It's been awhile since I've taken the opportunity to dust off my laptop and entertain the masses with my pathetic attempt at entertaining prose. LOL Thought I'd take a few minutes to reflect upon the good old days. Now, according to my teenage son, I'm so ancient that the "good ol' days" must surely involve large reptillian creatures roaming a newly formed earth, and such profound advancements in modern technology as "fire", and "the wheel". But, I can assure you as I jettison through my thirty-seventh year on Earth, that the most archaic inventions that I can recall in the hazy corners of my memory are "Atari" and "Cabbage Patch Kids".
I spent countless hours yesterday afternoon, trying to convince my son that somewhere between my nerdy years of high school and the mundane and practical years of today, there lurked an adventurous, popular, and. . .(dare I say it?), COOL, me. I was freakin' awesome! Totally beast! (Okay, okay....maybe not THAT great... but, at least I didn't wear my slippers to the mailbox!)
I used to stay out all night... now, I'm in bed by ten. I used to sing old Zeppelin tunes with the band... now I sing about good manners and the importance of friendship with Barney. I used to eat cold pizza and drink warm beer for breakfast... now, it's something tasteless and whole grain with a side of YUCK.
I've metamorphasized from my former self. The parts that were once smooth are now wrinkled. The parts that were firm are now saggy. I've transformed into this strange being that I hardly recognize from decades past. But, somewhere along the way, I've learned things...gained a wisdom that was once clouded in the midst of too much hairspray... lying dormant deep within myself until I was mature enough to truly understand. I try to tell my kids about the secrets I have learned; try to open their eyes to the realities of life before they have to experience the pain and disappointment of taking the wrong paths. But, they are young, and they know everything.... just as we all think we do at that age.
Somewhere between the after-school snack and an hour of "GuitarHero", I tried to enlighten my son with these words of wisdom:
1. You create your own happiness.... don't look to others to provide it for you.
2. Be yourself. If people don't like you for who you are, then they are the ones losing out.
3. Empathize with others.
4. Always do your best.
5. Listen to your conscience.
The list went on for several minutes, my son feigning attentiveness as he strummed on the plastic-video-game-controller-GuitarHero-thingie. I addressed every issue that I remembered ignoring when my mother spoke to me... many, many years ago.
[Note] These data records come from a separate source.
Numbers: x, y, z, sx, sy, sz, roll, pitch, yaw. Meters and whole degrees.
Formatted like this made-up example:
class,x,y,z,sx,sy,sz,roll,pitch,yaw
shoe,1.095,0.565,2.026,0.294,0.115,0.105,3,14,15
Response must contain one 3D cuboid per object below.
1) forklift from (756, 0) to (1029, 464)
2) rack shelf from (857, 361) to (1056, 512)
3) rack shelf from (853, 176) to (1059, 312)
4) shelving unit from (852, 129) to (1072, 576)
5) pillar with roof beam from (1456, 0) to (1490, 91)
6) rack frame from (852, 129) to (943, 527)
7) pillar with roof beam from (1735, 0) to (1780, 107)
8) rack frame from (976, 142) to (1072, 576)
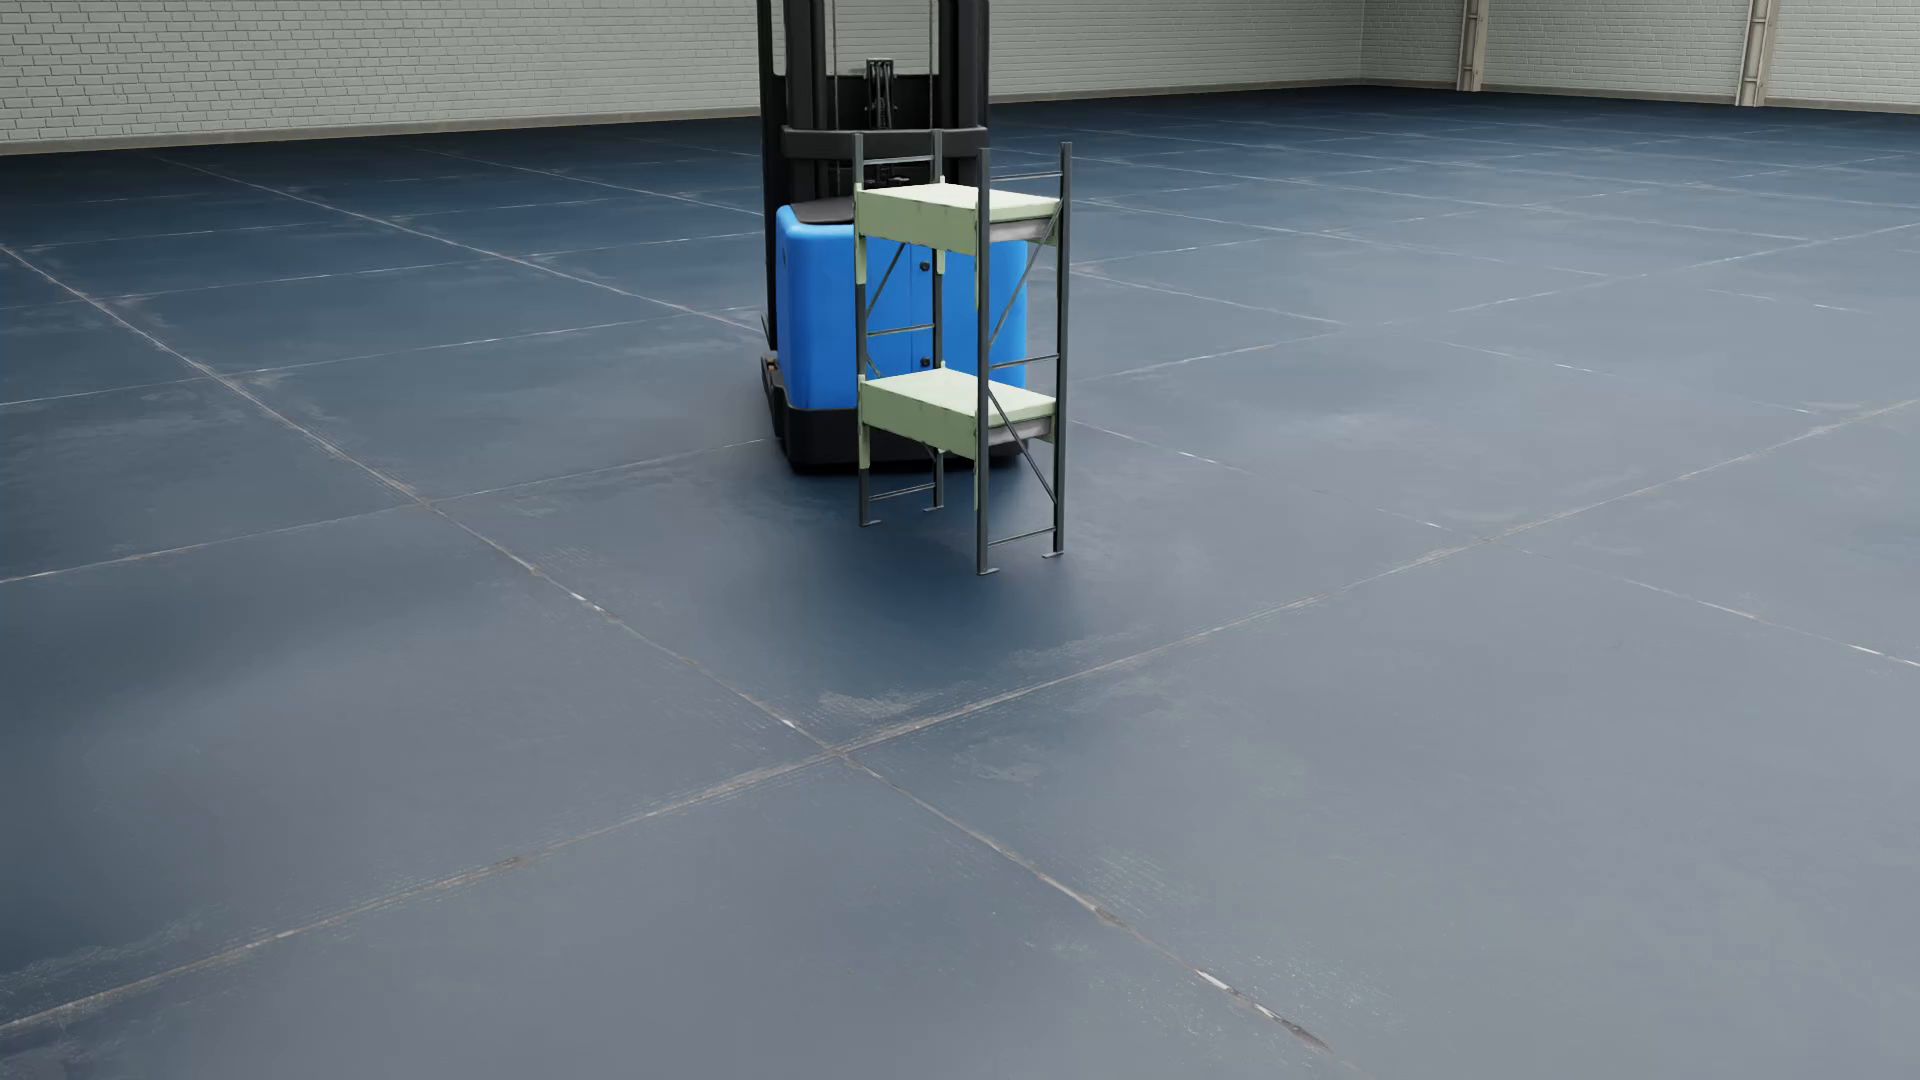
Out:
class,x,y,z,sx,sy,sz,roll,pitch,yaw
forklift,-0.445,-2.137,8.154,1.130,2.935,3.031,-3,19,-9
rack shelf,-0.004,-0.404,6.234,0.431,0.370,0.720,-14,23,-36
rack shelf,-0.004,-1.084,6.009,0.431,0.370,0.720,-14,23,-36
shelving unit,-0.004,-0.714,6.132,0.431,1.500,0.755,-14,23,-36
pillar with roof beam,7.208,-12.780,30.642,9.100,9.000,0.400,-14,23,-36
rack frame,-0.231,-0.804,6.404,0.400,1.500,0.023,-14,23,-36
pillar with roof beam,10.933,-11.302,26.178,9.100,9.000,0.400,-14,23,-36
rack frame,0.223,-0.623,5.859,0.400,1.500,0.023,-14,23,-36
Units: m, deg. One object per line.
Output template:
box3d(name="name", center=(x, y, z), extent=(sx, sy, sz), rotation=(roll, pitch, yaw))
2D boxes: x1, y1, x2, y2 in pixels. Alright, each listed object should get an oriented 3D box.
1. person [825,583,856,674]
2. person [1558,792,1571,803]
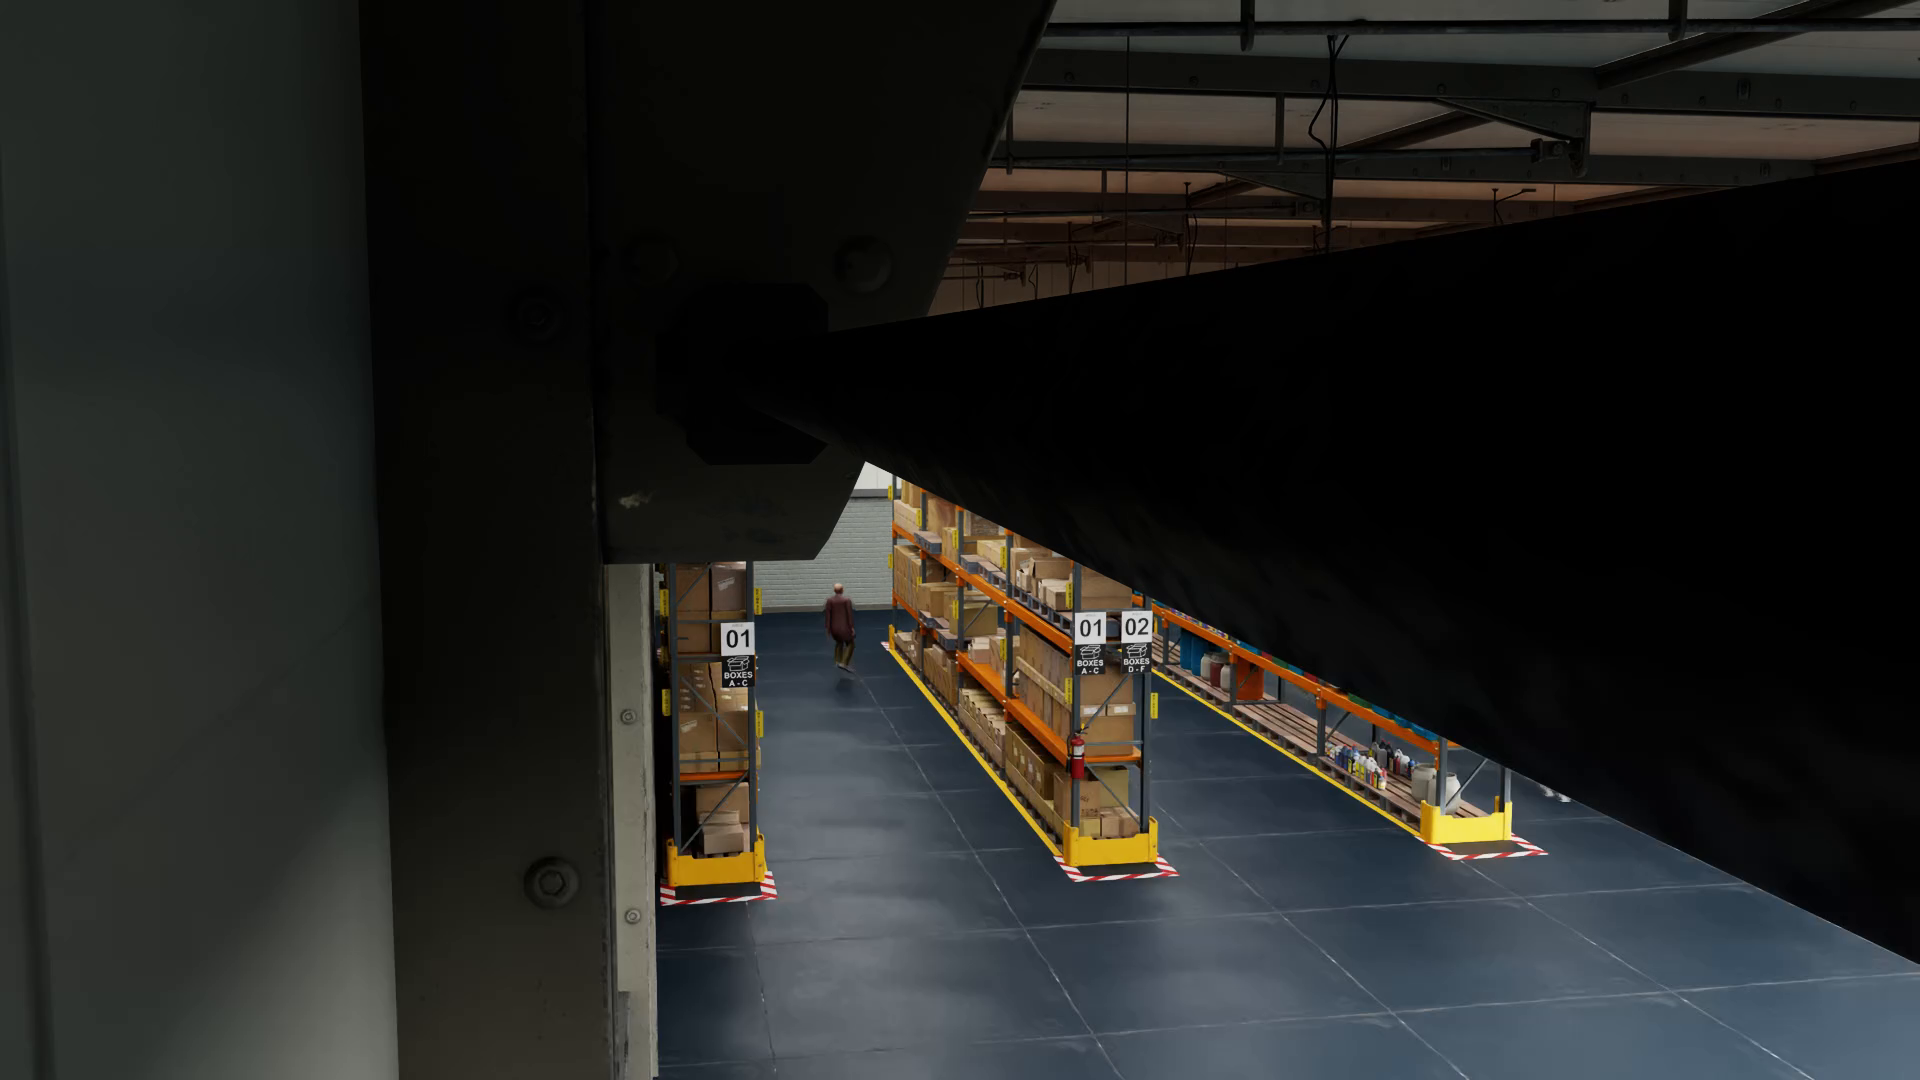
box3d(name="person", center=(-2.357, 1.786, 32.740), extent=(0.626, 1.660, 0.608), rotation=(2, 7, 19))
box3d(name="person", center=(8.689, 2.896, 24.097), extent=(0.620, 1.692, 0.835), rotation=(0, 6, 4))

It was then that I learned one of life's hardest lessons. You can't protect your kids from everything painful in life. It is the pain and disappointments in life, and the way you choose to deal with them that make you an adult. It is dealing with and learning from your mistakes that forms your character. It's something you can't teach. There are no lectures that will soften the blows in life. There's no way to cure every boo-boo with a band-aid and a kiss. You have to let go... even if it's just a little at a time. It's hard.
So, maybe there are countelss differences between my son and I. But, passing through my life...remembering my youth... I can see the similarities. So, yeah....it's been a long time since I rock and rolled. But, I haven't forgot the lyrics yet!